Rumkowski, who collaborated with the Nazis. Although Arendt was
Jewish, had been interned in the Gurs prison camp, and later worked
to save the lives of German Jewish children, she was vilified as a
“self-hating Jew” and accused of blaming the Jews for their own
fate. Arendt's articles were later published as a book, Eichmann
in Jerusalem: A Report on the Banality of Evil.
Arendt's reputation was already problematic because of her long,
tumultuous relationship with philosopher Martin Heidegger, her
academic mentor and lover, who became a supporter of the Nazi party.
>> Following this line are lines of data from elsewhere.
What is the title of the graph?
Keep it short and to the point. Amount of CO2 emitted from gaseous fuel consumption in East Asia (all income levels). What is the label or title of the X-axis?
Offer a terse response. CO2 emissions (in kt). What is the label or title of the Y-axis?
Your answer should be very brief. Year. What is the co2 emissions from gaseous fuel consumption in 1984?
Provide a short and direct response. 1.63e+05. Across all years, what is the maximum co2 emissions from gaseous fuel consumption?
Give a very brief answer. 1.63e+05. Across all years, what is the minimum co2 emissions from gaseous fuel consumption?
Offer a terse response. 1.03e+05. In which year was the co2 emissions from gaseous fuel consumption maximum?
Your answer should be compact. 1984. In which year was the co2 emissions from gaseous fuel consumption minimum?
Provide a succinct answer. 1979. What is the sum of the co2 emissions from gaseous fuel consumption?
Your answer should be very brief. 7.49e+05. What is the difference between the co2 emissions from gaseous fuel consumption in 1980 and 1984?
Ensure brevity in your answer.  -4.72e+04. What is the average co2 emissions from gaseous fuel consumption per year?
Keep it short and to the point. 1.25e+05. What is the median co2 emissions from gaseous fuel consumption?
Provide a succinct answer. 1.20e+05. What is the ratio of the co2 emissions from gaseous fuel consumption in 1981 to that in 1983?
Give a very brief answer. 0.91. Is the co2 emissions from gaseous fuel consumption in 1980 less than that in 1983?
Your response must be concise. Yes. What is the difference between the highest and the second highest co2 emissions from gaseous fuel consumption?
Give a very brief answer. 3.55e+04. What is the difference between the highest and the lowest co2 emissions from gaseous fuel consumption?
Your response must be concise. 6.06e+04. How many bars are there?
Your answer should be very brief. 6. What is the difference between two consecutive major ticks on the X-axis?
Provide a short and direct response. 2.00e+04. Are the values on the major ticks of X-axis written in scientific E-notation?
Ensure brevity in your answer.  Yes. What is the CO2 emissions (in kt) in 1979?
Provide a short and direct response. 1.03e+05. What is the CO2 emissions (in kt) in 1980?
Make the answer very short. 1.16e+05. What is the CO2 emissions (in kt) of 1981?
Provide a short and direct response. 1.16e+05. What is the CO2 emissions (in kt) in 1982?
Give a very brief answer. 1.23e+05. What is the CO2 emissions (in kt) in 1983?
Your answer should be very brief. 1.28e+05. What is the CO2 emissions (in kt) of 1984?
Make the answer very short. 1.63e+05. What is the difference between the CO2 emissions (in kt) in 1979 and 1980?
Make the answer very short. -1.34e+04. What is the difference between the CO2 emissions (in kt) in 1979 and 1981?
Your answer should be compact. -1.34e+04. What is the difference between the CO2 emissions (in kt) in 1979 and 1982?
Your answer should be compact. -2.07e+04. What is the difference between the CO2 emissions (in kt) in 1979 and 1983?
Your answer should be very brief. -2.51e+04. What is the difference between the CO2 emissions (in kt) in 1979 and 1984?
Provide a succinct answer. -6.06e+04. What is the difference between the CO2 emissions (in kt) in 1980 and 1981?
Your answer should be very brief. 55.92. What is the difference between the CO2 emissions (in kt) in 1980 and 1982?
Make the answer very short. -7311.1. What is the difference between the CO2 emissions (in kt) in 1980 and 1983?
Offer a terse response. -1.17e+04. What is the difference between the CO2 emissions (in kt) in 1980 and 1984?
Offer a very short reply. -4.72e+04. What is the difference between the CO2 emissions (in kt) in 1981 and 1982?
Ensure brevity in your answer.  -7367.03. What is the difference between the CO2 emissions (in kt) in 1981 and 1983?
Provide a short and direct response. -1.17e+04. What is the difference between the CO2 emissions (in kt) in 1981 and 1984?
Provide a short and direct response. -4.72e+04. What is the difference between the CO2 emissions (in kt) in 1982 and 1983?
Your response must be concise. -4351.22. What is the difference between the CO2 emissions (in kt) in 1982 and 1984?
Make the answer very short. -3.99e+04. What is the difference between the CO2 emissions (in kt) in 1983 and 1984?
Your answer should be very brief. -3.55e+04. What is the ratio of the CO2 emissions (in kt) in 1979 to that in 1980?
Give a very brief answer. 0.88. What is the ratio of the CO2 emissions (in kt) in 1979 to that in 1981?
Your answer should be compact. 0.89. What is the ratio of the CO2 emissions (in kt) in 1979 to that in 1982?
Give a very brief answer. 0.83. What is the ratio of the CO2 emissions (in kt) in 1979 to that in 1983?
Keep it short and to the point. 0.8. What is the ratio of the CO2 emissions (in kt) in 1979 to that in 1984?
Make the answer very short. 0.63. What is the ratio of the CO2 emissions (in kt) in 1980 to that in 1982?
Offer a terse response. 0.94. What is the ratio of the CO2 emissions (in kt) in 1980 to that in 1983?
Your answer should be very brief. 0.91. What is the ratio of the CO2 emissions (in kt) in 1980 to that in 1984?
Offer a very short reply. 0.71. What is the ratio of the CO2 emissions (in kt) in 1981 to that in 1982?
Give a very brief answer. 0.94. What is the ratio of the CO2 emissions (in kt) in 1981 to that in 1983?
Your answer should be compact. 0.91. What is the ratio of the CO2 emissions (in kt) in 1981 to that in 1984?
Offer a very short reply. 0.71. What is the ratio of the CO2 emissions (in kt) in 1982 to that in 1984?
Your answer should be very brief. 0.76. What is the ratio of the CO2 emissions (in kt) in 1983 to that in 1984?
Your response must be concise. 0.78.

In flashback sequences, Hannah reflects on her youthful dalliance
with Heidegger (Klaus Pohl), and her subsequent disappointment with
his capitulation.
This is a movie about ideas, which are difficult to dramatize;
therefore, we get a lot of scenes of smoke-filled conversation and
classroom lectures. The dialogue and characterizations are often rudimentary. The Eichmann
trial is the most arresting sequence, because it incorporates real
documentary footage of Eichmann's testimony from inside the famous
“glass booth.” As we see and hear the chilling testimony of
Holocaust survivors and watch Eichmann attempt to justify his
actions, we can see why Arendt was so struck by the man's icy calm,
and whence she derived the concept of evil as something ordinary
people are capable of. At the time, many postwar academics were
attempting to explain the Nazi phenomenon, a coldly modern,
bureaucratic expression of evil. Arendt's writings inspired, for
example, the infamous experiments by Yale psychologist Stanley
Milgram, in which subjects complied with instructions to administer
to fellow students what they believed were potentially lethal
electric shocks.
Later writings about Eichmann, based on his unpublished memoir and
previously unreleased interviews, take issue with Arendt's
conclusions about Eichmann — “he was no clerk,” wrote historian
Deborah E. Lipstadt. But in fact, as a recent New York Times
article pointed out, Arendt never wrote that Eichmann simply followed
orders. Rather, she wrote that he was a “joiner,” a man for whom
idealism and devotion to a cause –—Nazism — gave his life
meaning.
Even with its dramatic shortcomings, the film shines a welcome light on a rigorous, and often misunderstood, 20th-century thinker. 2 3/4 out of 4 stars.